J’ai appris le russe quand j’étais en Biélorussie. Je parle couramment cette langue donc je comprends quand certains militaires lituaniens parlent. Ils nous insultent, nous traitent ‘d’extra-terrestres’ ou de ‘macaques’.
En Lituanie, une partie de la population parle le russe du fait de sa proximité géographique avec l’ancienne Union soviétique. Plus on se rapproche de la frontière biélorusse – c’est le cas de la ville de Pabradé – plus les chances de croiser des Lituaniens parlant le russe sont élevées.
À Pabradé, on nous parle uniquement pour nous dire de rentrer chez nous. Je sais que c’est pareil dans les autres camps.
Quand tu es malade, ils te disent : ‘Tu veux voir un médecin, rentre chez toi en Afrique te faire soigner’. Quand tu as mal quelque part, ils attendent longtemps avant de t’emmener voir un médecin. Mon voisin de chambre a été mal en point, il a passé trois jours dans son lit à Pabradé avant qu’ils ne l’emmènent à l’hôpital. Et encore, ils l’ont menotté pour y aller.
Il y a quelques semaines, j’ai eu mal aux dents. Les militaires m’ont dit : ‘Signe ce papier, sinon on n’appelle pas de médecins’. Tous les migrants connaissent ce ‘papier’. On ne sait pas ce qu’il y a écrit dessus, c’est en lituanien et ils nous interdisent de le prendre en photo. Mais on se doute que c’est une décharge qui autorise notre expulsion. On ne le signe jamais.

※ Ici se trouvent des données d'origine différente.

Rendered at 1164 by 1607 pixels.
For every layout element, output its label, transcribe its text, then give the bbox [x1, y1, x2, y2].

On demande tout le temps un interprète, un traducteur. Mais ils nous répondent toujours : ‘Non, signe’. C’est tout.
Depuis l’été dernier, des milliers de migrants, principalement originaires du Moyen-Orient, notamment d’Irak, et d’Afrique, ont franchi depuis la Biélorussie la frontière orientale de l’Union européenne en Lituanie ou encore en Pologne. L’Occident accuse la Biélorussie d’avoir provoqué cette crise en attirant les migrants à la frontière européenne en délivrant des visas et avec la promesse d’un passage facile.

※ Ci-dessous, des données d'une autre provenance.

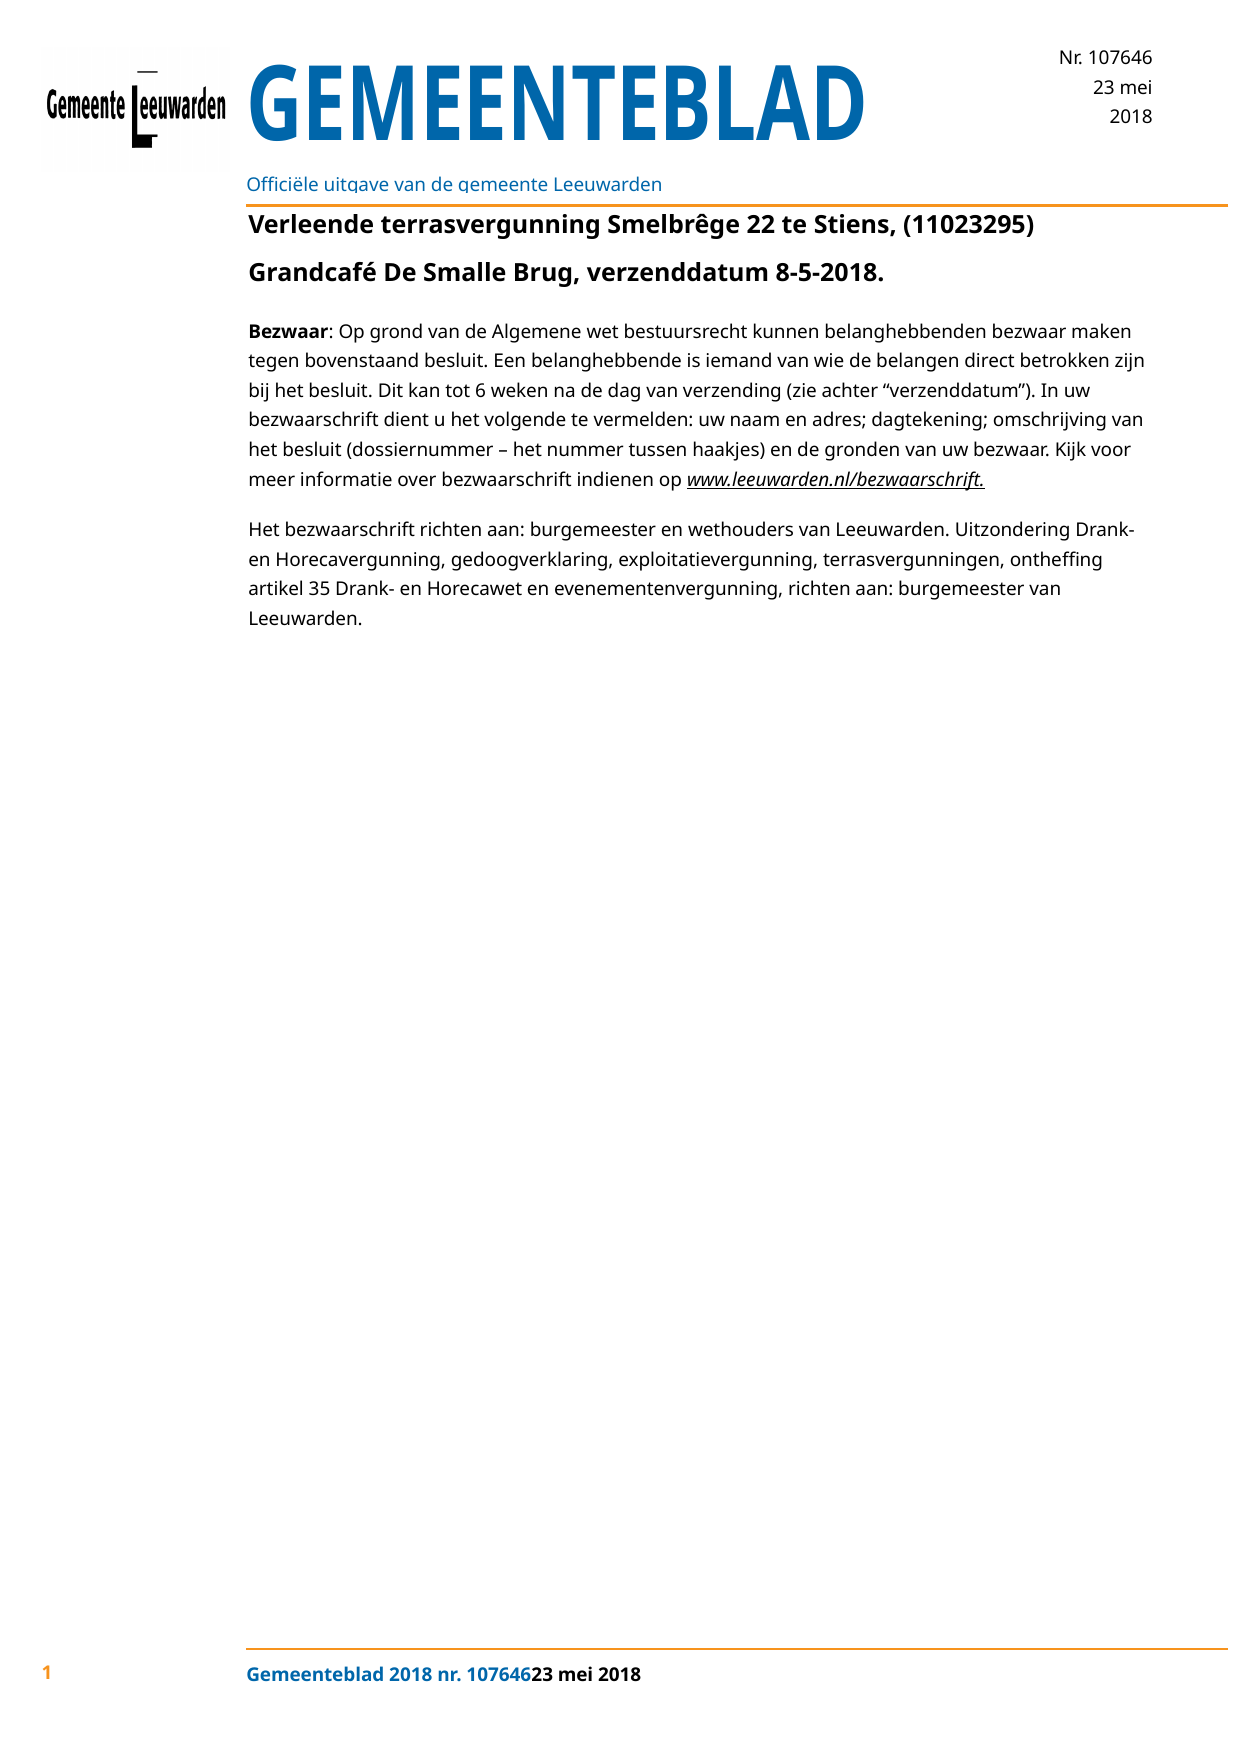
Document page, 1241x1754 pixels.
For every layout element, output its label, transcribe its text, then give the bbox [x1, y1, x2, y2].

Au mois de juillet 2021, le parlement lituanien a adopté un projet de loi autorisant la détention pour six mois des demandeurs d’asile entrant dans le pays. En décembre 2021, la Lituanie a allongé ce temps de détention à 12 mois. En outre, la loi stipule que les migrants peuvent être expulsés pendant l’examen de leur appel.